Request an editable version of the Thorough Verification Form from Practice Support Team.

 

 

2. A Simplified, Shorter Eligibility Verification

 

You may choose a simplified approach to the insurance verification process by eliminating (or reducing) the need for phone calls with insurance representatives. You will utilize information gathered from insurance company websites and faxes to create estimates.

In this scenario, you are using general estimating guidelines without the time investment of the thorough and complete benefits verification process. You will enter eligibility data into your practice management software to create estimates. We recommend you estimate high to reduce the possibility of conflict when the patient balance is higher than expected. With a simplified version of the benefits form, your front office team members will need to clearly explain the estimates on the treatment plan are ONLY estimates; any amount not paid by the insurance company will be the patient’s responsibility. This approach is less time-consuming while providing a ballpark estimate for the patient.

We recommend you pre-determine benefits for larger cases when using this simplified, shorter eligibility verification process.

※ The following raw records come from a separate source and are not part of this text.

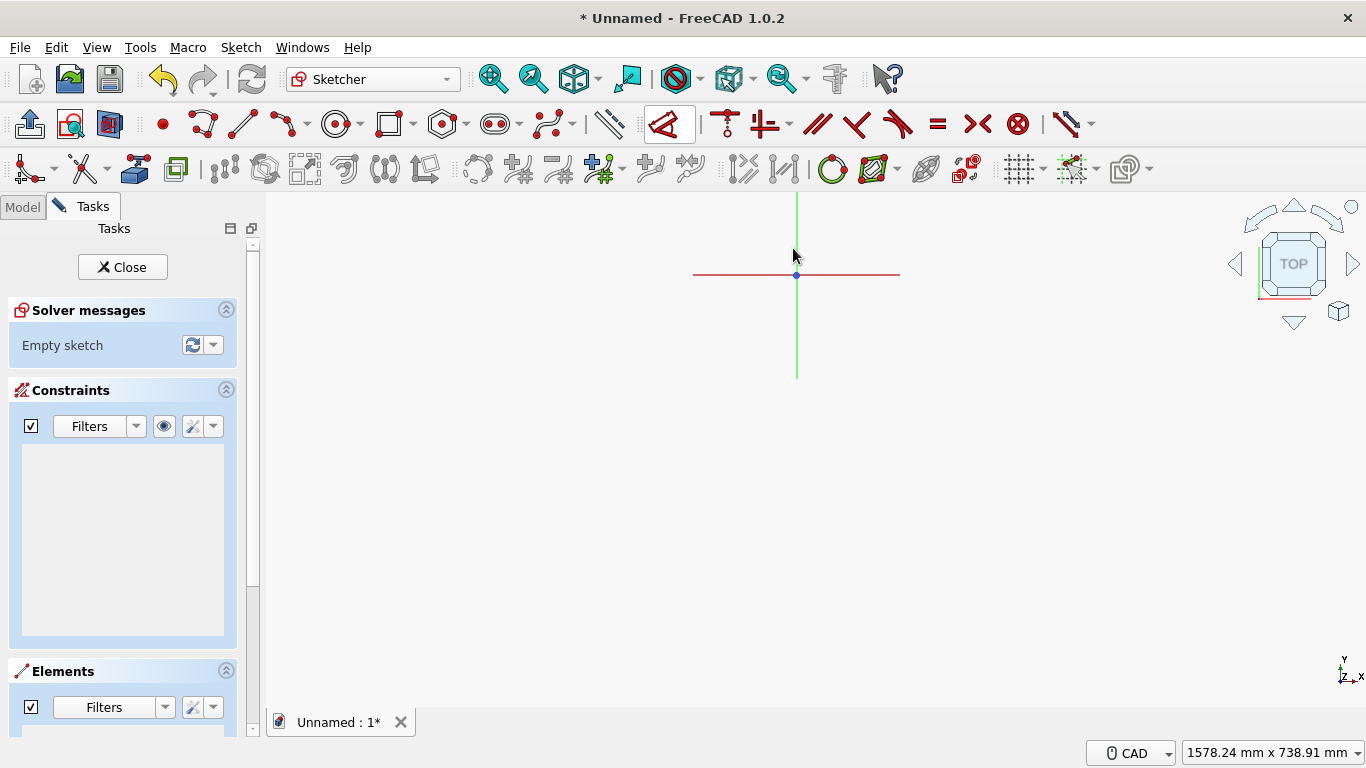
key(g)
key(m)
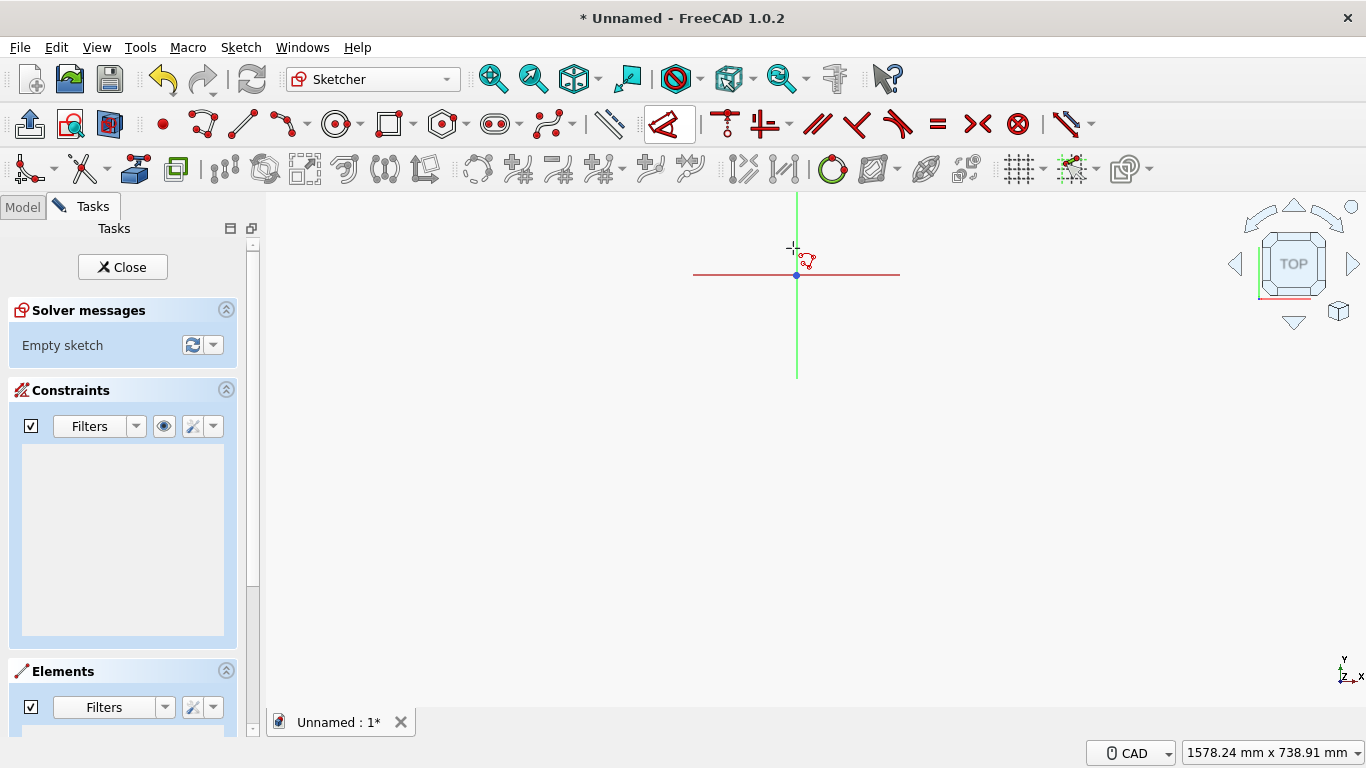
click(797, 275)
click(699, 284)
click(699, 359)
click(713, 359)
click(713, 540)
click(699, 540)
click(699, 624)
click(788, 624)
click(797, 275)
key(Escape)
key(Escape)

Request an editable version of the Short Verification Form from Practice Support Team.

 

 

Organized procedures for collecting patient information and verifying insurance eligibility will help facilitate streamlined claims and billing processes. With either method, you must educate your patients on the limitation of dental insurance and stress your desire to provide the care they need while helping them navigate the insurance process. The Practice Support Team is available to help you set up a verification process and protocol that works for your practice.